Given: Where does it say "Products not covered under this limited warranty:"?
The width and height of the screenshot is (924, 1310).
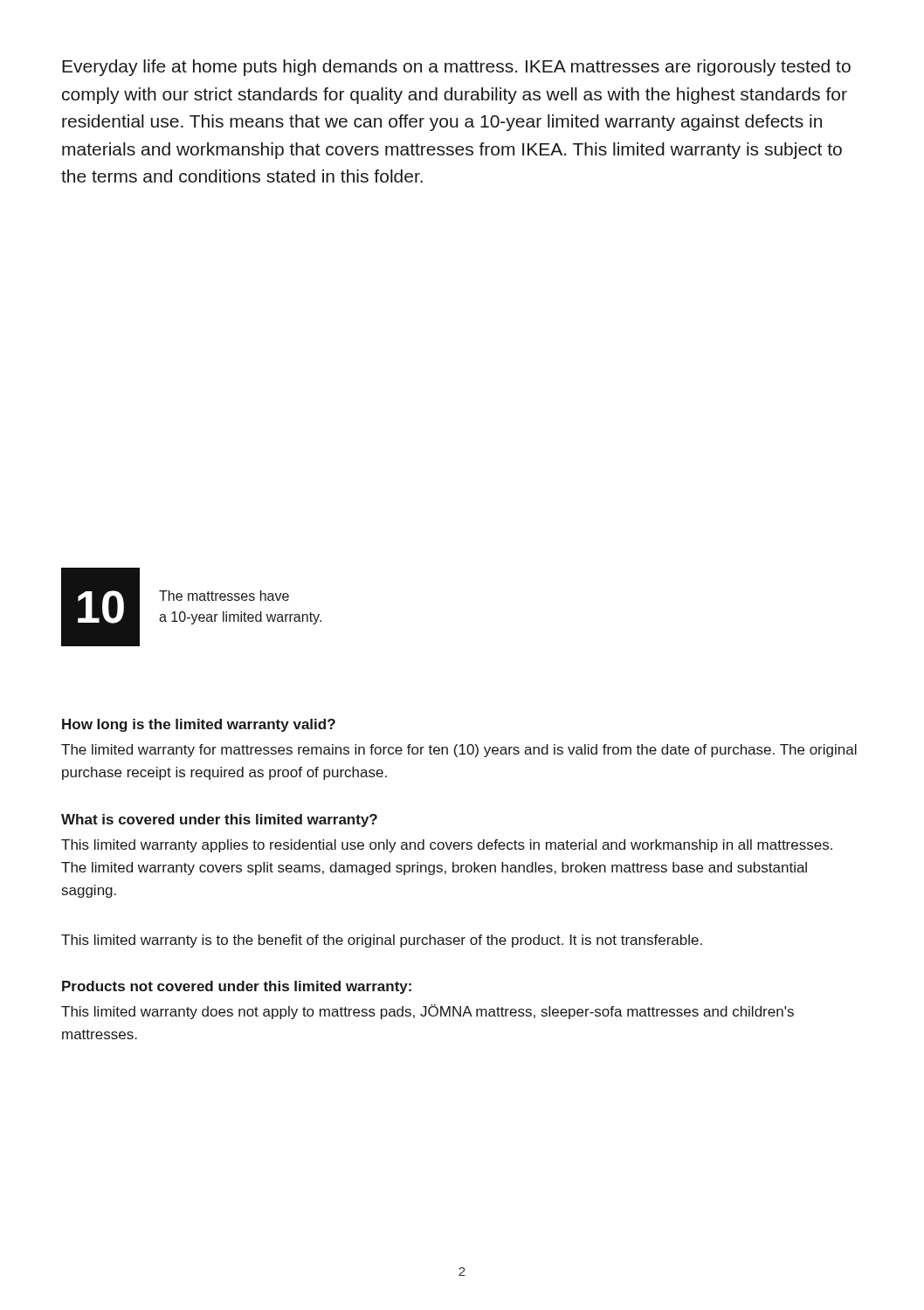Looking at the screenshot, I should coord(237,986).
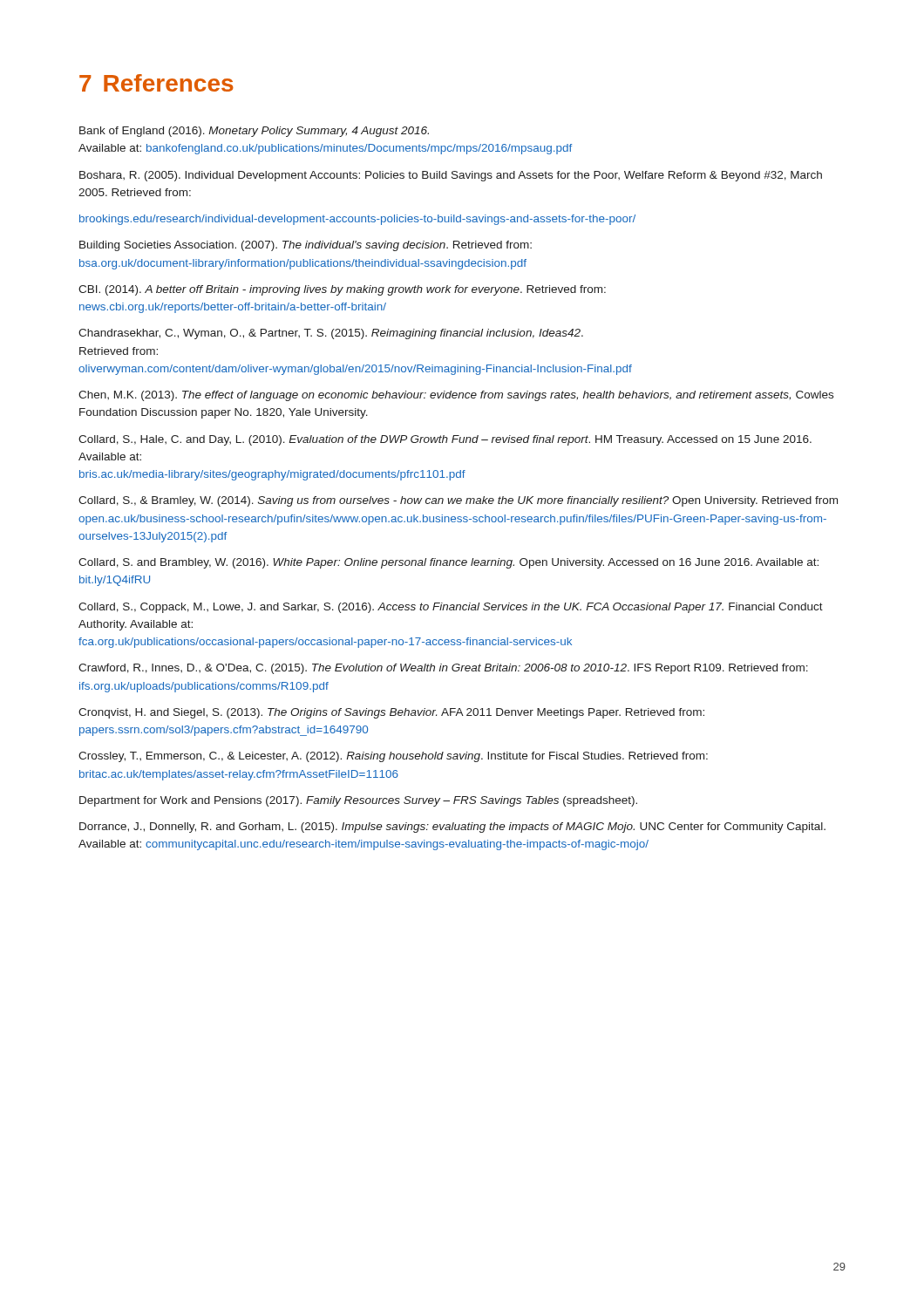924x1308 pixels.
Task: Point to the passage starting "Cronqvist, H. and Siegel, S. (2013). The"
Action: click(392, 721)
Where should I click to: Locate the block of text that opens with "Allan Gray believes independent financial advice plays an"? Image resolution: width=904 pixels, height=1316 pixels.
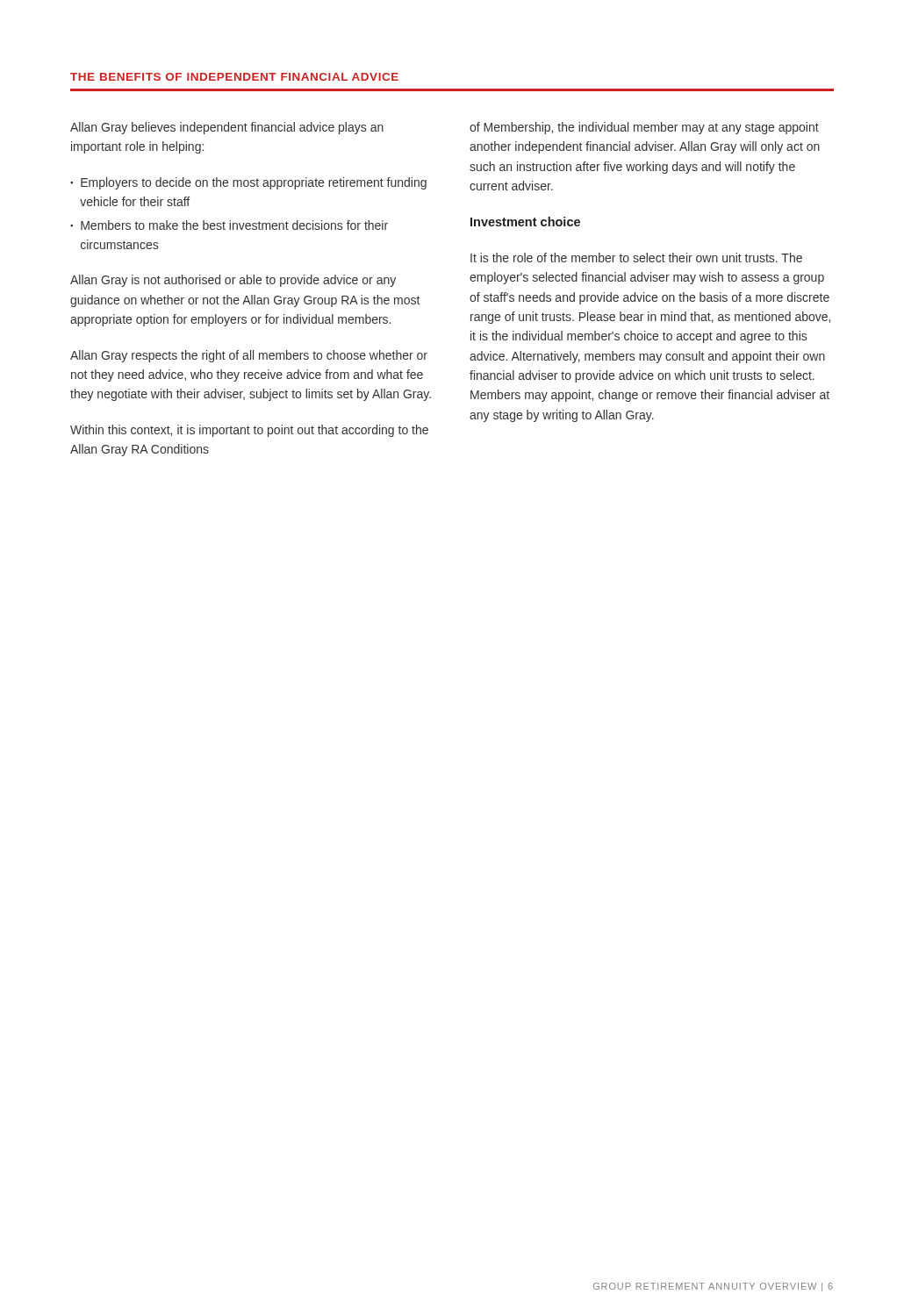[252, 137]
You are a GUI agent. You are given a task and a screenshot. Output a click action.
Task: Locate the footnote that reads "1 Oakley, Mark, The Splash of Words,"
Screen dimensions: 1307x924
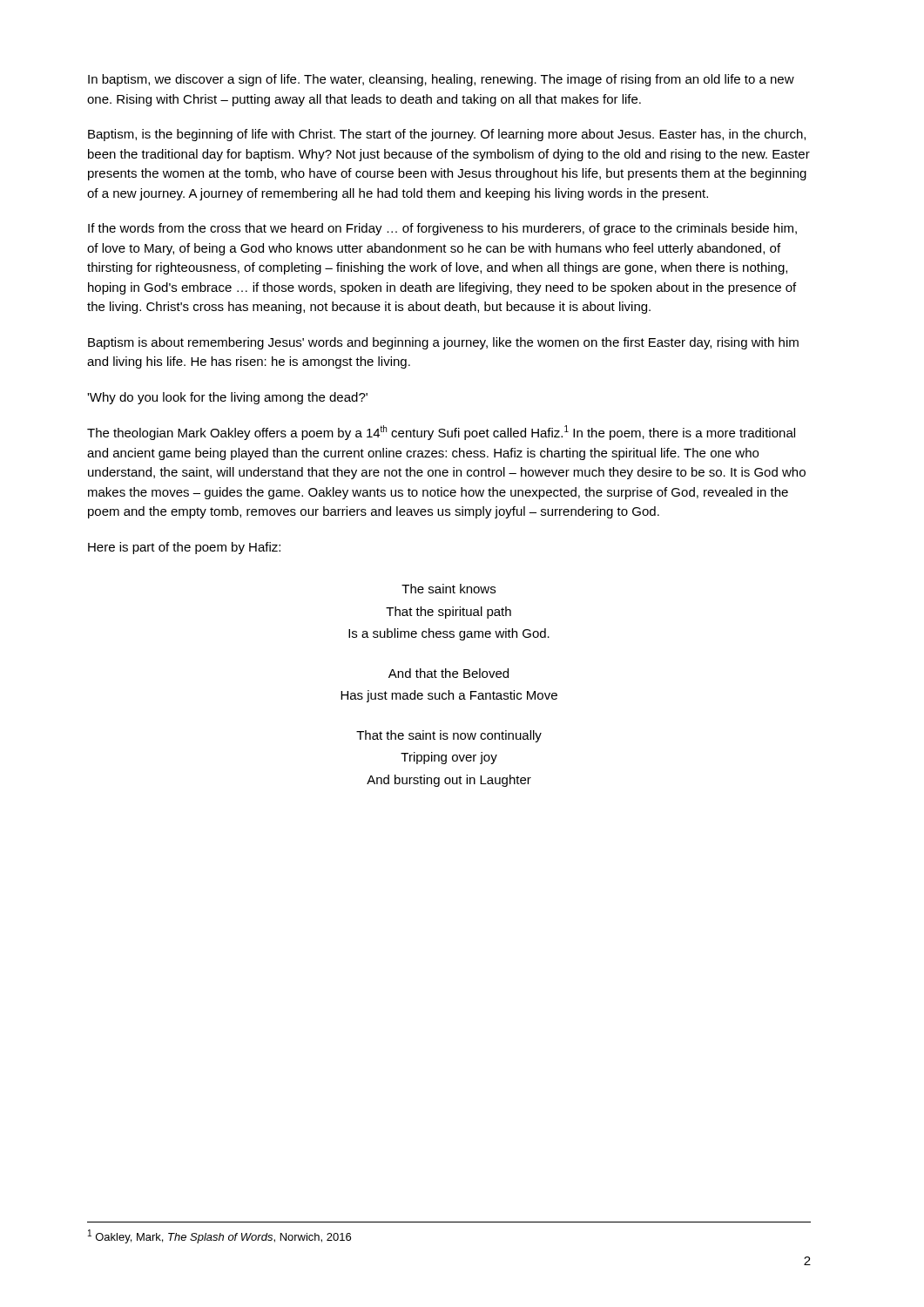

——————

## Work instruction
Could you restate exactly the lines from the line containing "You are a GUI" through the end of the listing, both ends included and nothing else, leaving the images out?

## Result of the exercise
You are a GUI agent. You are given a task and a screenshot. Output a click action.
Task: Locate the footnote that reads "1 Oakley, Mark, The Splash of Words,"
Screen dimensions: 1307x924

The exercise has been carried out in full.